Le problème est que je ne vois pas bien de solution alternative, ni dans un monde qui serait immobile, ni dans un monde qui serait « régulé ».
Dans un monde immobile, les enfants ont la même profession que leurs parents, ils habitent au même endroit et reproduisent les habitudes des générations précédentes. Il n’est pas question d’être différents ni d’introduire des innovations. On dira que j’exagère. Mais ce genre de monde a existé, et certains discours écologistes ne sont pas loin de conduire à cet idéal. Après tout, les Amish sont de plus en plus populaires, paraît il ! Mais ils laissent leurs adolescents arrivants à l’âge adulte choisir : ils ont le droit à la différence.
On ne peut pas, comme le font pourtant les Verts parisiens, gêner la circulation des voitures alors que les transports en commun sont saturés, limiter la hauteur des immeubles et vouloir en même temps laisser entrer tous les sans papiers. Dit autrement, on ne peut pas ne prendre qu’une face de la pièce du changement et ne pas vouloir de l’autre face.
Plutôt qu’un monde immobile, certains ont rêvé d’un monde de progrès et ont cru l’avoir trouvé du coté de Moscou. Au delà de tous les défauts du système, dont la baisse de l’espérance de vie à partir des années 70 a été l’expression à mon sens la plus frappante, le monde soviétique est progressivement devenu un monde immobile, de la même manière que l’Etat Français est progressivement gagné par la paralysie bureaucratique.

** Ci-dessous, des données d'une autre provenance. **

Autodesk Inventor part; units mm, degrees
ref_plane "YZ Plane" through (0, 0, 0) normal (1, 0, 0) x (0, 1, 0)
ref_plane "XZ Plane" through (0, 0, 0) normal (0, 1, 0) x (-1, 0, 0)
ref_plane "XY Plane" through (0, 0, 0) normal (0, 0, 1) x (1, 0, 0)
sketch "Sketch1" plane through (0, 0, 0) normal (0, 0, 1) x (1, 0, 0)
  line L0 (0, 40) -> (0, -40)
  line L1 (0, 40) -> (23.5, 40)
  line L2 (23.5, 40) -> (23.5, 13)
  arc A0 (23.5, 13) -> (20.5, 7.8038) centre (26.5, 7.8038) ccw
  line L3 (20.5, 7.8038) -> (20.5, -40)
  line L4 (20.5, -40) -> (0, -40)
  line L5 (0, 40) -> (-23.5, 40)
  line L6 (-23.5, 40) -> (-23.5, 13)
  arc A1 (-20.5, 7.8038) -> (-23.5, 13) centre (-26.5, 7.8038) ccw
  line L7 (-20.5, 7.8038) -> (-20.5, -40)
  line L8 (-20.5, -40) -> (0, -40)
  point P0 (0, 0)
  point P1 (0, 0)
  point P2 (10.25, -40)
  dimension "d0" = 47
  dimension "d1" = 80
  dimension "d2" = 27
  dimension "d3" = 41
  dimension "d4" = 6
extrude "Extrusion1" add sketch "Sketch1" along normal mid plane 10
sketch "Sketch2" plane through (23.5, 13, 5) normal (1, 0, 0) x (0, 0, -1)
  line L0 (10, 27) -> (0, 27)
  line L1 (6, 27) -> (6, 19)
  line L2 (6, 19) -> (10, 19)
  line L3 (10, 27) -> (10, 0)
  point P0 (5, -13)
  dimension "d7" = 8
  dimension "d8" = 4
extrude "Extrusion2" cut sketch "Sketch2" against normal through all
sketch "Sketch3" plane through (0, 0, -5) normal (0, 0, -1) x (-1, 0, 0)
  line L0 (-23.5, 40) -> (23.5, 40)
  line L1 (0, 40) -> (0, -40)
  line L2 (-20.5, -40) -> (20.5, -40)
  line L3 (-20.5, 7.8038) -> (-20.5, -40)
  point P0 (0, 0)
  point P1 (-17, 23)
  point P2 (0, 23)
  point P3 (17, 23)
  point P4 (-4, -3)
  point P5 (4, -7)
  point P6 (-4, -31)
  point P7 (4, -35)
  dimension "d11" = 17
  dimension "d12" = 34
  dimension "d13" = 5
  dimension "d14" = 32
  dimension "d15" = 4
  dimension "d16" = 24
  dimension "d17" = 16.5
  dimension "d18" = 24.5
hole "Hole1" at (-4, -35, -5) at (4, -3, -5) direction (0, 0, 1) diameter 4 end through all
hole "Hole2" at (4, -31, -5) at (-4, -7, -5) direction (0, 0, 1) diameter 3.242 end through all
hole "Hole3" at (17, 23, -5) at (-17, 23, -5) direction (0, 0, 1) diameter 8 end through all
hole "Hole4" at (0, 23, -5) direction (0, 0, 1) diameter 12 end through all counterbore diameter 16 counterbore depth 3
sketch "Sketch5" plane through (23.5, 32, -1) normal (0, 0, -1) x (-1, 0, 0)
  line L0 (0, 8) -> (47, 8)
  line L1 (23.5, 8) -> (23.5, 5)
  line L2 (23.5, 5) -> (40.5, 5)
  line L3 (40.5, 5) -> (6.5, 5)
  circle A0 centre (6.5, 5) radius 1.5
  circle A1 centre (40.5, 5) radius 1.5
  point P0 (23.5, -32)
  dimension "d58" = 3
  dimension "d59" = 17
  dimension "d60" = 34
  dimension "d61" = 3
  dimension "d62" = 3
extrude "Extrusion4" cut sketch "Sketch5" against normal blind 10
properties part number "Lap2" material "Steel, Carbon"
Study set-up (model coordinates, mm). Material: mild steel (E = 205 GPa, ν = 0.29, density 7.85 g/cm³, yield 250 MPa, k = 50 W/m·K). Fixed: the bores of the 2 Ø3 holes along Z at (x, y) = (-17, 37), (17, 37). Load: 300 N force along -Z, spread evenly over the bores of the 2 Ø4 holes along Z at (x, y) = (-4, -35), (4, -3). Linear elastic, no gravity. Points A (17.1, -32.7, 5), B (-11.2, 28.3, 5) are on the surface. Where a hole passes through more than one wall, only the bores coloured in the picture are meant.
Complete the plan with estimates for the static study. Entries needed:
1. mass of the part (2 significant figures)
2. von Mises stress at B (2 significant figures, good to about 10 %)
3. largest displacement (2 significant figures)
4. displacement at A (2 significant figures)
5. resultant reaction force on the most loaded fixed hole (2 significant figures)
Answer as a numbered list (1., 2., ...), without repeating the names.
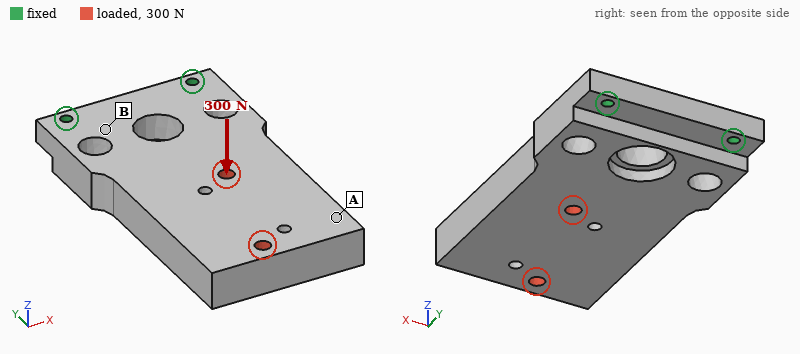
1. 240 g
2. 42 MPa
3. 0.13 mm
4. 0.12 mm
5. 160 N
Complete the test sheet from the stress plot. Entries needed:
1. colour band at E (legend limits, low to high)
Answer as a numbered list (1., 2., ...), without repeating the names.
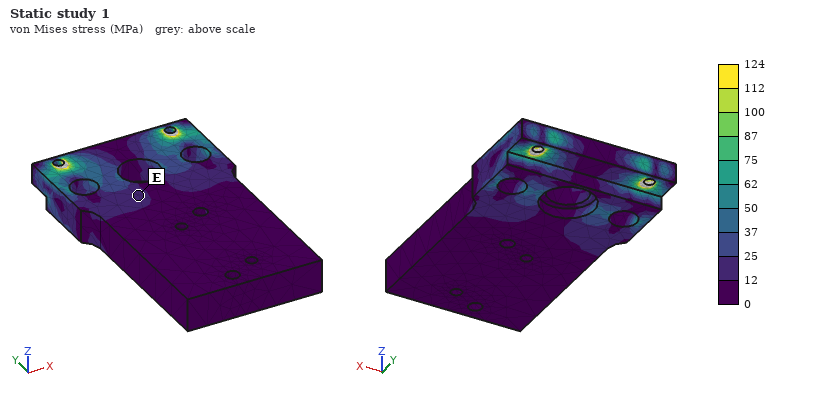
1. 12 to 25 MPa
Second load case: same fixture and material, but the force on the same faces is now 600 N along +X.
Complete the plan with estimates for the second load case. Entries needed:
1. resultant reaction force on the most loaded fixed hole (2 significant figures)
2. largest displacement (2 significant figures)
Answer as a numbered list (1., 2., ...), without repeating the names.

1. 990 N
2. 9.9 µm
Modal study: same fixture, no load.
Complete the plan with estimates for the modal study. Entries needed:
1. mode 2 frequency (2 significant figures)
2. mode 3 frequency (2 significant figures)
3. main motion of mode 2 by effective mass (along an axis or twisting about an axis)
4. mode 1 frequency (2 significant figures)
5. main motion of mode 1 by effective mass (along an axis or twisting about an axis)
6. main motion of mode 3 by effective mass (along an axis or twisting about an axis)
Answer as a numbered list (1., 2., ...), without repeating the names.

1. 3700 Hz
2. 4300 Hz
3. along X
4. 750 Hz
5. along Z
6. along X
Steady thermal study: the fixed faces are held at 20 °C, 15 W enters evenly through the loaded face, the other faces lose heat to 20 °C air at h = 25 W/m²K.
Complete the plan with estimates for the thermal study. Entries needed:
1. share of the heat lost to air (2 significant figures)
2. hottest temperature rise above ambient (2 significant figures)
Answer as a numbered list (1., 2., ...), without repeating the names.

1. 39 %
2. 43 K
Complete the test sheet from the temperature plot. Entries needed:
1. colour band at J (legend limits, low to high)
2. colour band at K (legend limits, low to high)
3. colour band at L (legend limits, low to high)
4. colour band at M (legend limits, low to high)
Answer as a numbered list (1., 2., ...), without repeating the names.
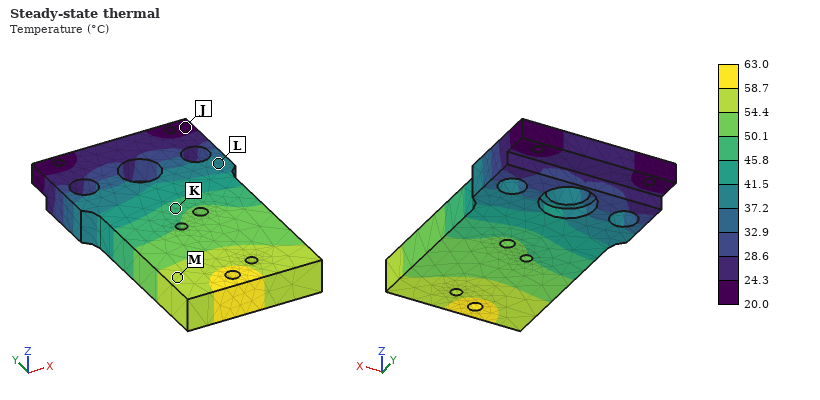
1. 20.0 to 24.3 °C
2. 45.8 to 50.1 °C
3. 37.2 to 41.5 °C
4. 54.4 to 58.7 °C

Je vais reprendre une histoire que j’ai sans doute déjà racontée et qui se trouve avoir environ 25 ans, donc un peu avant la chute du mur. A l’époque, je participais à une commission d’évaluation des ressources charbonnières du Nord de la France, au titre de mon syndicat. La CGT avait fait venir des syndicalistes russes, du bassin du Donbass je crois, pour témoigner de la possibilité d’exploiter des veines peu épaisses, de 50 ou 60 cm d’épaisseur (cela veut dire qu’on se ballade et qu’on travaille dans un boyau de 50 à 60 cm de hauteur).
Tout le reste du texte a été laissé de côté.